## Exercise prompt
Where a picture appears, leave it out, and print the rest of the records as they are.

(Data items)
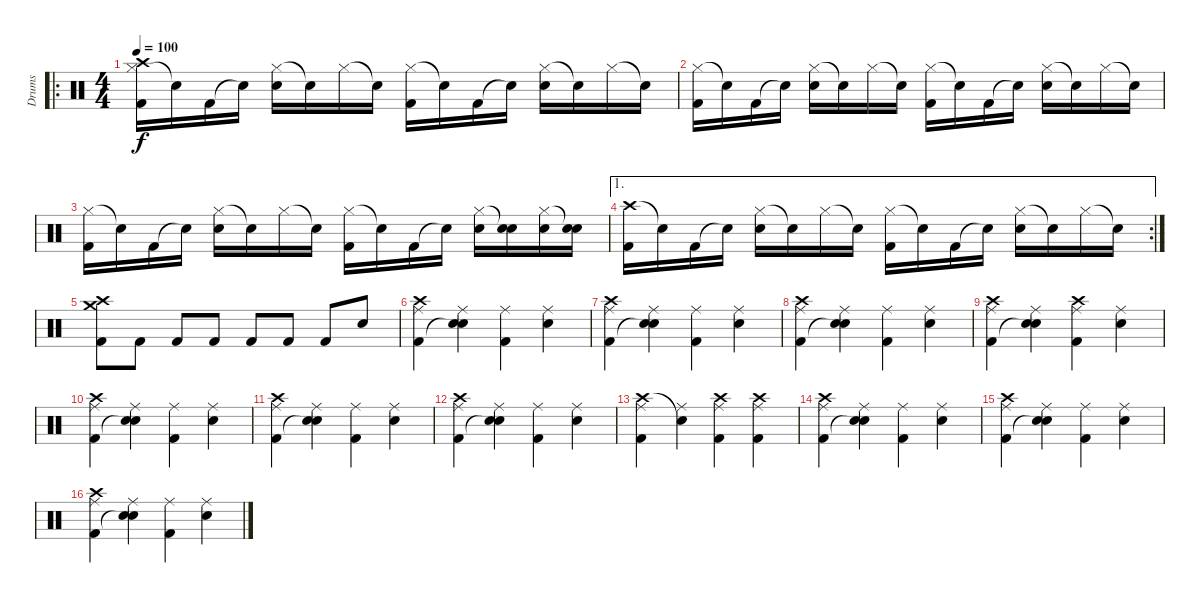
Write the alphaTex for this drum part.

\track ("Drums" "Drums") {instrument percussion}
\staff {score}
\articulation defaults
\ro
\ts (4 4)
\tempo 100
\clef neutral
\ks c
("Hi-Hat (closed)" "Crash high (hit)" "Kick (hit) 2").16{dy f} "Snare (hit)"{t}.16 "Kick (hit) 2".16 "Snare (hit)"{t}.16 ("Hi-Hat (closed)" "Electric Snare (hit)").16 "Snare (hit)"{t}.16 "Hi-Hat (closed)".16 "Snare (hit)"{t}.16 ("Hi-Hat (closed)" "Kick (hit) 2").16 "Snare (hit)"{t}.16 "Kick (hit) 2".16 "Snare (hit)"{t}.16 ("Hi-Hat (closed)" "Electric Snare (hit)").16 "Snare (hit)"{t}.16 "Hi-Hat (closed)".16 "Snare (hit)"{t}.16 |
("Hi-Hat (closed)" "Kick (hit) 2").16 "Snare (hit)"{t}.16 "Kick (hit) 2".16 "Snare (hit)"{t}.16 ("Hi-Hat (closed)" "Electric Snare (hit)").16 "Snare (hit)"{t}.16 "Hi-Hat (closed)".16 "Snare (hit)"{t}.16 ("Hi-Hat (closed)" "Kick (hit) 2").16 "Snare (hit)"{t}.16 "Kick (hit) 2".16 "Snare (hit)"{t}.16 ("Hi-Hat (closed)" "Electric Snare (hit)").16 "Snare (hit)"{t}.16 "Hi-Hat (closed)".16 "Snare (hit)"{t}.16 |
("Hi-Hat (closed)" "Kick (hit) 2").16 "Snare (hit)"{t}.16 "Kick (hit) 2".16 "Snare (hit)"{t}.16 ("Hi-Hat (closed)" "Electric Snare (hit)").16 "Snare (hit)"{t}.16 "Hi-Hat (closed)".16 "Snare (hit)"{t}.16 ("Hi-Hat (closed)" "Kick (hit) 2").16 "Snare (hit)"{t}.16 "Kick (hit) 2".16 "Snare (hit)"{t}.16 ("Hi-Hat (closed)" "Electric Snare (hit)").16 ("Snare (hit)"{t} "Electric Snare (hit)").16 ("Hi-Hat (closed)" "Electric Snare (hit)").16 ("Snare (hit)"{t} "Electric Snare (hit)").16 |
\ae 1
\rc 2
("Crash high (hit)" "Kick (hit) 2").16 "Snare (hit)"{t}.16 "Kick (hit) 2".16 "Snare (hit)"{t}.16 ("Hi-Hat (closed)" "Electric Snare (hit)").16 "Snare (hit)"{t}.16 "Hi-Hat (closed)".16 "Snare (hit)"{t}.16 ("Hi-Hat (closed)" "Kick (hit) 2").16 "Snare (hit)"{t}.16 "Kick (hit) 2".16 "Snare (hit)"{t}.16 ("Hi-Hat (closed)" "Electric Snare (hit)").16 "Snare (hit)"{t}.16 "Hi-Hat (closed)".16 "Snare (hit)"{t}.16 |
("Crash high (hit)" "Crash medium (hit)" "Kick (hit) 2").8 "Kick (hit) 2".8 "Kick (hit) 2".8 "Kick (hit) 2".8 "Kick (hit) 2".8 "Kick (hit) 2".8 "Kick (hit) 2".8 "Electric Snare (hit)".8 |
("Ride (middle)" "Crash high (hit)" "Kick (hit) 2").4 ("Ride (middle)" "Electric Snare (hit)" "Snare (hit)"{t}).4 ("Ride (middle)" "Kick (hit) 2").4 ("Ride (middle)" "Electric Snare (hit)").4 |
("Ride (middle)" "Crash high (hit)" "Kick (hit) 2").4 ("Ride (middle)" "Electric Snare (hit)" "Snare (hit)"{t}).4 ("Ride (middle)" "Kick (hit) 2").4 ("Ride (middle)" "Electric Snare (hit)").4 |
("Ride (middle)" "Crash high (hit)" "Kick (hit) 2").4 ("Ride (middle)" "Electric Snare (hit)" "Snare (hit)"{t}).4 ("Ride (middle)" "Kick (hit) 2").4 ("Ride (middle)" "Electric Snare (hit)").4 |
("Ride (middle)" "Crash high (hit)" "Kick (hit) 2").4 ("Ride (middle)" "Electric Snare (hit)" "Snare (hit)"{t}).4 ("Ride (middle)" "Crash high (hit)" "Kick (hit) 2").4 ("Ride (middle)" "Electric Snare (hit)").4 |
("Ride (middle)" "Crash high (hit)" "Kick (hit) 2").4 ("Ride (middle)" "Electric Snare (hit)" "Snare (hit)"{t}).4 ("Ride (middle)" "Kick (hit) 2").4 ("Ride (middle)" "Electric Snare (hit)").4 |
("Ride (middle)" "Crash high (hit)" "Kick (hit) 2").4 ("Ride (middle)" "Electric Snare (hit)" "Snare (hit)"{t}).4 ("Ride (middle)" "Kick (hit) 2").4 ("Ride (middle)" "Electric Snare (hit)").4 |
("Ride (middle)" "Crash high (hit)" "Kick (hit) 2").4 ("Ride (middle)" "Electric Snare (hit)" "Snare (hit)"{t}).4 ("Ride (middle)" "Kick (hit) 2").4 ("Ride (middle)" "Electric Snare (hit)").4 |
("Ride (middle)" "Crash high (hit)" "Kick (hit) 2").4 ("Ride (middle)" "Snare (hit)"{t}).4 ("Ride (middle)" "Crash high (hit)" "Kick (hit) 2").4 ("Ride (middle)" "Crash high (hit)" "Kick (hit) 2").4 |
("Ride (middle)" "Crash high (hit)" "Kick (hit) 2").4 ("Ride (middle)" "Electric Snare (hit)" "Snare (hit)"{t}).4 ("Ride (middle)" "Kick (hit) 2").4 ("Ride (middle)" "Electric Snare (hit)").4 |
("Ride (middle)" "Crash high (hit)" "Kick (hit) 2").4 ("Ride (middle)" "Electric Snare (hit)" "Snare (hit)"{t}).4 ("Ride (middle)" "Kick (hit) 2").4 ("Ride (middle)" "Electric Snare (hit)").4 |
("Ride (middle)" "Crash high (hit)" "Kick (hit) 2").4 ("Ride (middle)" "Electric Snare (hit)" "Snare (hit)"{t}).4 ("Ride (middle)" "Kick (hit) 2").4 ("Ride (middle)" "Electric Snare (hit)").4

## Response below
Write the alphaTex for this drum part.

\track ("Drums" "Drums") {instrument percussion}
\staff {score}
\articulation defaults
\ro
\ts (4 4)
\tempo 100
\clef neutral
\ks c
("Hi-Hat (closed)" "Crash high (hit)" "Kick (hit) 2").16{dy f} "Snare (hit)"{t}.16 "Kick (hit) 2".16 "Snare (hit)"{t}.16 ("Hi-Hat (closed)" "Electric Snare (hit)").16 "Snare (hit)"{t}.16 "Hi-Hat (closed)".16 "Snare (hit)"{t}.16 ("Hi-Hat (closed)" "Kick (hit) 2").16 "Snare (hit)"{t}.16 "Kick (hit) 2".16 "Snare (hit)"{t}.16 ("Hi-Hat (closed)" "Electric Snare (hit)").16 "Snare (hit)"{t}.16 "Hi-Hat (closed)".16 "Snare (hit)"{t}.16 |
("Hi-Hat (closed)" "Kick (hit) 2").16 "Snare (hit)"{t}.16 "Kick (hit) 2".16 "Snare (hit)"{t}.16 ("Hi-Hat (closed)" "Electric Snare (hit)").16 "Snare (hit)"{t}.16 "Hi-Hat (closed)".16 "Snare (hit)"{t}.16 ("Hi-Hat (closed)" "Kick (hit) 2").16 "Snare (hit)"{t}.16 "Kick (hit) 2".16 "Snare (hit)"{t}.16 ("Hi-Hat (closed)" "Electric Snare (hit)").16 "Snare (hit)"{t}.16 "Hi-Hat (closed)".16 "Snare (hit)"{t}.16 |
("Hi-Hat (closed)" "Kick (hit) 2").16 "Snare (hit)"{t}.16 "Kick (hit) 2".16 "Snare (hit)"{t}.16 ("Hi-Hat (closed)" "Electric Snare (hit)").16 "Snare (hit)"{t}.16 "Hi-Hat (closed)".16 "Snare (hit)"{t}.16 ("Hi-Hat (closed)" "Kick (hit) 2").16 "Snare (hit)"{t}.16 "Kick (hit) 2".16 "Snare (hit)"{t}.16 ("Hi-Hat (closed)" "Electric Snare (hit)").16 ("Snare (hit)"{t} "Electric Snare (hit)").16 ("Hi-Hat (closed)" "Electric Snare (hit)").16 ("Snare (hit)"{t} "Electric Snare (hit)").16 |
\ae 1
\rc 2
("Crash high (hit)" "Kick (hit) 2").16 "Snare (hit)"{t}.16 "Kick (hit) 2".16 "Snare (hit)"{t}.16 ("Hi-Hat (closed)" "Electric Snare (hit)").16 "Snare (hit)"{t}.16 "Hi-Hat (closed)".16 "Snare (hit)"{t}.16 ("Hi-Hat (closed)" "Kick (hit) 2").16 "Snare (hit)"{t}.16 "Kick (hit) 2".16 "Snare (hit)"{t}.16 ("Hi-Hat (closed)" "Electric Snare (hit)").16 "Snare (hit)"{t}.16 "Hi-Hat (closed)".16 "Snare (hit)"{t}.16 |
("Crash high (hit)" "Crash medium (hit)" "Kick (hit) 2").8 "Kick (hit) 2".8 "Kick (hit) 2".8 "Kick (hit) 2".8 "Kick (hit) 2".8 "Kick (hit) 2".8 "Kick (hit) 2".8 "Electric Snare (hit)".8 |
("Ride (middle)" "Crash high (hit)" "Kick (hit) 2").4 ("Ride (middle)" "Electric Snare (hit)" "Snare (hit)"{t}).4 ("Ride (middle)" "Kick (hit) 2").4 ("Ride (middle)" "Electric Snare (hit)").4 |
("Ride (middle)" "Crash high (hit)" "Kick (hit) 2").4 ("Ride (middle)" "Electric Snare (hit)" "Snare (hit)"{t}).4 ("Ride (middle)" "Kick (hit) 2").4 ("Ride (middle)" "Electric Snare (hit)").4 |
("Ride (middle)" "Crash high (hit)" "Kick (hit) 2").4 ("Ride (middle)" "Electric Snare (hit)" "Snare (hit)"{t}).4 ("Ride (middle)" "Kick (hit) 2").4 ("Ride (middle)" "Electric Snare (hit)").4 |
("Ride (middle)" "Crash high (hit)" "Kick (hit) 2").4 ("Ride (middle)" "Electric Snare (hit)" "Snare (hit)"{t}).4 ("Ride (middle)" "Crash high (hit)" "Kick (hit) 2").4 ("Ride (middle)" "Electric Snare (hit)").4 |
("Ride (middle)" "Crash high (hit)" "Kick (hit) 2").4 ("Ride (middle)" "Electric Snare (hit)" "Snare (hit)"{t}).4 ("Ride (middle)" "Kick (hit) 2").4 ("Ride (middle)" "Electric Snare (hit)").4 |
("Ride (middle)" "Crash high (hit)" "Kick (hit) 2").4 ("Ride (middle)" "Electric Snare (hit)" "Snare (hit)"{t}).4 ("Ride (middle)" "Kick (hit) 2").4 ("Ride (middle)" "Electric Snare (hit)").4 |
("Ride (middle)" "Crash high (hit)" "Kick (hit) 2").4 ("Ride (middle)" "Electric Snare (hit)" "Snare (hit)"{t}).4 ("Ride (middle)" "Kick (hit) 2").4 ("Ride (middle)" "Electric Snare (hit)").4 |
("Ride (middle)" "Crash high (hit)" "Kick (hit) 2").4 ("Ride (middle)" "Snare (hit)"{t}).4 ("Ride (middle)" "Crash high (hit)" "Kick (hit) 2").4 ("Ride (middle)" "Crash high (hit)" "Kick (hit) 2").4 |
("Ride (middle)" "Crash high (hit)" "Kick (hit) 2").4 ("Ride (middle)" "Electric Snare (hit)" "Snare (hit)"{t}).4 ("Ride (middle)" "Kick (hit) 2").4 ("Ride (middle)" "Electric Snare (hit)").4 |
("Ride (middle)" "Crash high (hit)" "Kick (hit) 2").4 ("Ride (middle)" "Electric Snare (hit)" "Snare (hit)"{t}).4 ("Ride (middle)" "Kick (hit) 2").4 ("Ride (middle)" "Electric Snare (hit)").4 |
("Ride (middle)" "Crash high (hit)" "Kick (hit) 2").4 ("Ride (middle)" "Electric Snare (hit)" "Snare (hit)"{t}).4 ("Ride (middle)" "Kick (hit) 2").4 ("Ride (middle)" "Electric Snare (hit)").4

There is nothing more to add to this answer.